Strangely, I do

Sunday July 25, 2004

It was raining when I got up this morning. Rather a pleasant rain as a matter of fact, light, good smelling, and making the air feel clean and oxygen-refreshed. I poked my head out of the kitchen door to take a good deep breath, decided it wasn’t enough to actually keep me indoors, and so I took a stroll around the garden.

“What’s it like?” asked Graham when I came back in.

“No more than a bit of a damping. Been going for a while, though, so I can’t take the bike out this morning.”

“It’ll probably clear up this afternoon and you might be able to do it then.”

“Hope so.”

The question didn’t much occupy me—I had several amusing little tasks to keep me busy, and some new poems to read from a thoughtful, stimulating English poet I’ve just discovered—but I couldn’t help going to the door several times to check. The rain kept on intermittently right through the morning and on into the afternoon.

“I don’t think I’m going to get that bike ride today.”

“There’s always another day. You don’t want to get obsessive about it.”

“I’ll try not to.”

So I went off for my afternoon nap. Didn’t dream about pedalling along country lanes; instead I had one of those irritatingly vivid dreams where we’ve all been transported to a house I’ve never known, in a location I’ve never visited and in which I feel dislocated and out of kilter. Not particularly unpleasant or disturbing, and of no significance. I’ve had dreams along the same lines for years and years.

When I got up I took my coffee mug outside to see what was what. It had stopped raining, finally, and there was a good big patch of blue sky overhead. Off to the west, though, there was a heavy mass of rain cloud sitting all sullen-like and threatening. The lane was still damp and puddle-rich. So I gave vent to a big sigh and resigned myself to a day without a bike ride. They happen.
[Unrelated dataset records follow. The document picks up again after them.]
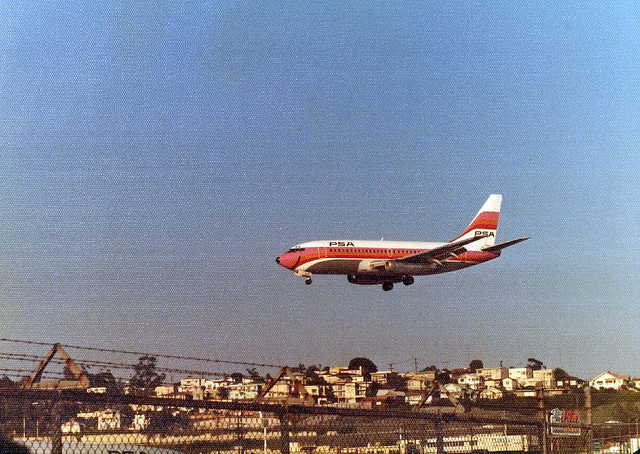What might be the destination or origin of the flight? Due to the low altitude of the airplane above the residential area, it's plausible that the aircraft is either on its final approach to land at a nearby airport or has just taken off. Without additional context, it's not possible to determine the exact destination or origin. 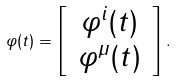<formula> <loc_0><loc_0><loc_500><loc_500>\varphi ( t ) = \left [ \begin{array} { c } \, \varphi ^ { i } ( t ) \, \\ \varphi ^ { \mu } ( t ) \end{array} \right ] .</formula> 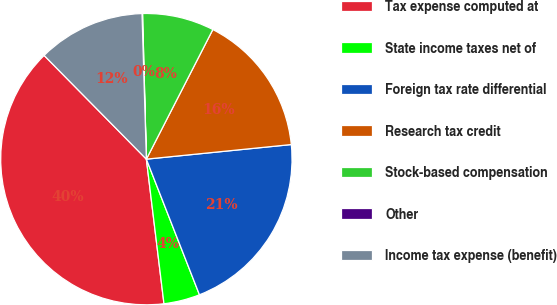Convert chart to OTSL. <chart><loc_0><loc_0><loc_500><loc_500><pie_chart><fcel>Tax expense computed at<fcel>State income taxes net of<fcel>Foreign tax rate differential<fcel>Research tax credit<fcel>Stock-based compensation<fcel>Other<fcel>Income tax expense (benefit)<nl><fcel>39.54%<fcel>4.01%<fcel>20.66%<fcel>15.86%<fcel>7.96%<fcel>0.06%<fcel>11.91%<nl></chart> 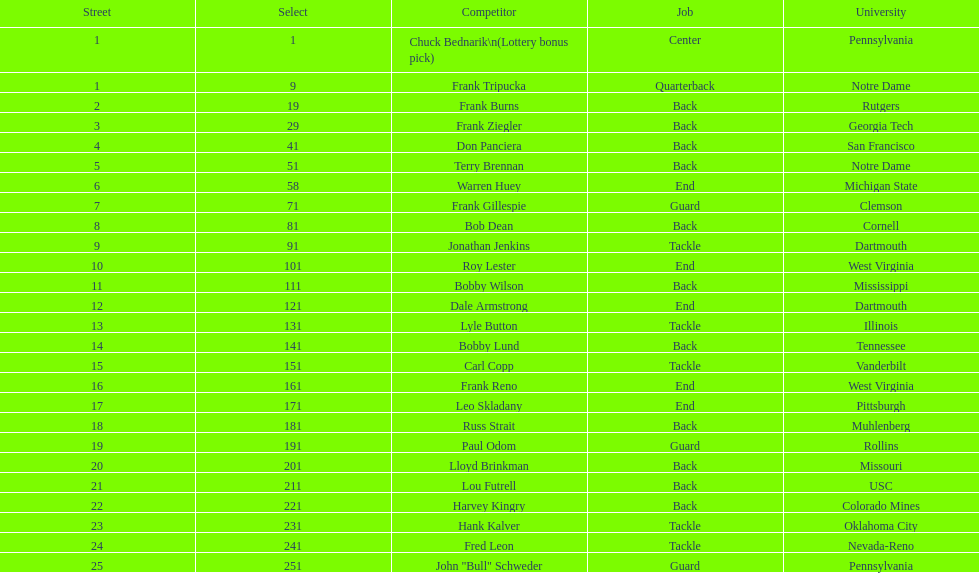Was chuck bednarik or frank tripucka the first draft pick? Chuck Bednarik. Could you help me parse every detail presented in this table? {'header': ['Street', 'Select', 'Competitor', 'Job', 'University'], 'rows': [['1', '1', 'Chuck Bednarik\\n(Lottery bonus pick)', 'Center', 'Pennsylvania'], ['1', '9', 'Frank Tripucka', 'Quarterback', 'Notre Dame'], ['2', '19', 'Frank Burns', 'Back', 'Rutgers'], ['3', '29', 'Frank Ziegler', 'Back', 'Georgia Tech'], ['4', '41', 'Don Panciera', 'Back', 'San Francisco'], ['5', '51', 'Terry Brennan', 'Back', 'Notre Dame'], ['6', '58', 'Warren Huey', 'End', 'Michigan State'], ['7', '71', 'Frank Gillespie', 'Guard', 'Clemson'], ['8', '81', 'Bob Dean', 'Back', 'Cornell'], ['9', '91', 'Jonathan Jenkins', 'Tackle', 'Dartmouth'], ['10', '101', 'Roy Lester', 'End', 'West Virginia'], ['11', '111', 'Bobby Wilson', 'Back', 'Mississippi'], ['12', '121', 'Dale Armstrong', 'End', 'Dartmouth'], ['13', '131', 'Lyle Button', 'Tackle', 'Illinois'], ['14', '141', 'Bobby Lund', 'Back', 'Tennessee'], ['15', '151', 'Carl Copp', 'Tackle', 'Vanderbilt'], ['16', '161', 'Frank Reno', 'End', 'West Virginia'], ['17', '171', 'Leo Skladany', 'End', 'Pittsburgh'], ['18', '181', 'Russ Strait', 'Back', 'Muhlenberg'], ['19', '191', 'Paul Odom', 'Guard', 'Rollins'], ['20', '201', 'Lloyd Brinkman', 'Back', 'Missouri'], ['21', '211', 'Lou Futrell', 'Back', 'USC'], ['22', '221', 'Harvey Kingry', 'Back', 'Colorado Mines'], ['23', '231', 'Hank Kalver', 'Tackle', 'Oklahoma City'], ['24', '241', 'Fred Leon', 'Tackle', 'Nevada-Reno'], ['25', '251', 'John "Bull" Schweder', 'Guard', 'Pennsylvania']]} 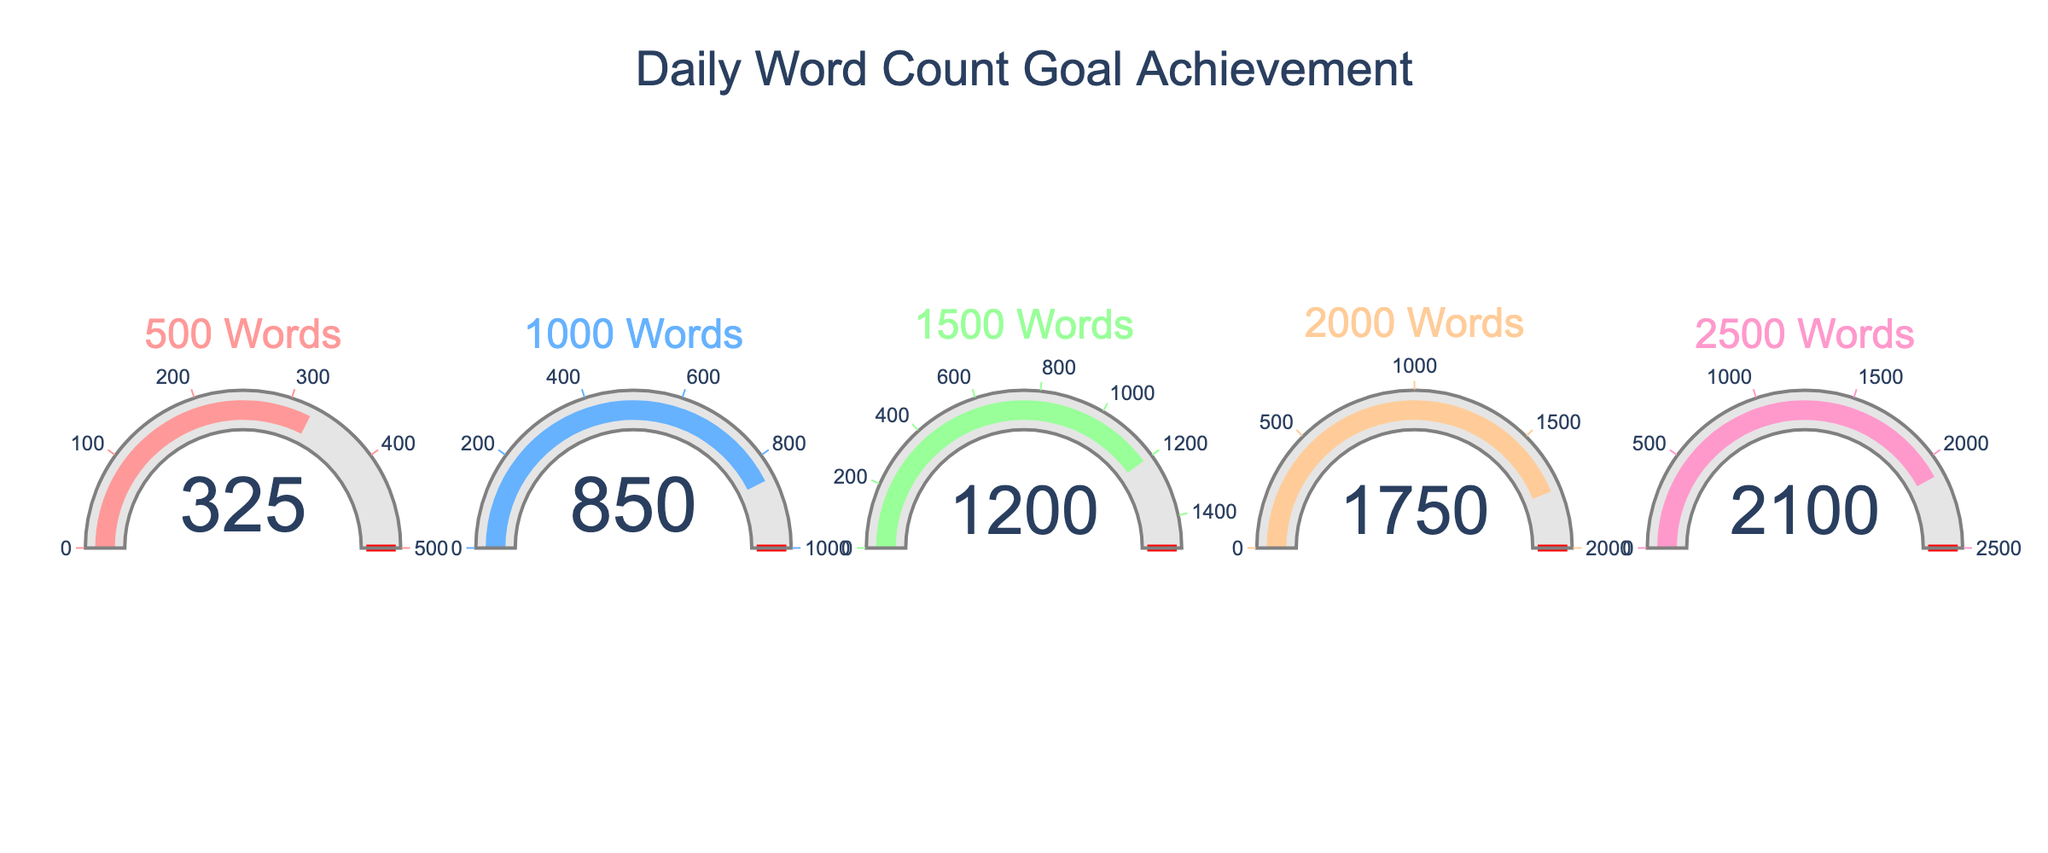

Sometimes they come in runs and then I get impatient. A single day though, that I can handle.

Back to my desk.

After a good long session during which I uploaded a few poems to my ‘Work in Progress’ online chapbook I took another break at about seven-thirty in the evening. Outside the sky was blue, the sun shone, and the last of the puddles had shrunk to easily avoidable proportions.

“I’m off out for a short ride,” I said, donning a sweater and sticking phone and camera into my cycling haversack bag.

“Don’t be long, then. I want my dinner before we sit down to watch ‘Waking the Dead‘.”

“Oh, never fear. So do I. I’ll just go as far as the end of the fen road and back. Probably won’t even stop for a break.”

“Take care.”

And off I shot, whistling happily, free at last.

It wasn’t much of a ride, short, sharp and sweet. Just enough to get the juices flowing and to shift a bothersome spot of trapped wind that had been annoying me on and off all day. It’s all about mechanics, one way or another.

Late in the evening Graham came into the study to find me chuckling merrily to myself.

“What’s tickled your fancy?”

“Nothing special. Just one of those George W. Bush quotes that are in circulation.”

“Oh, one of those. Anything remarkable about it?”

“Try it for yourself,” I said, and read the quote aloud: “The problem with the French is that they don’t have a word for entrepreneur.”

Graham went an odd colour. When he recovered he asked: “Do you think it’s true reporting or made up?”

“Heaven knows. If it’s a fiction it’s a darn good fiction. Cruel, but good.”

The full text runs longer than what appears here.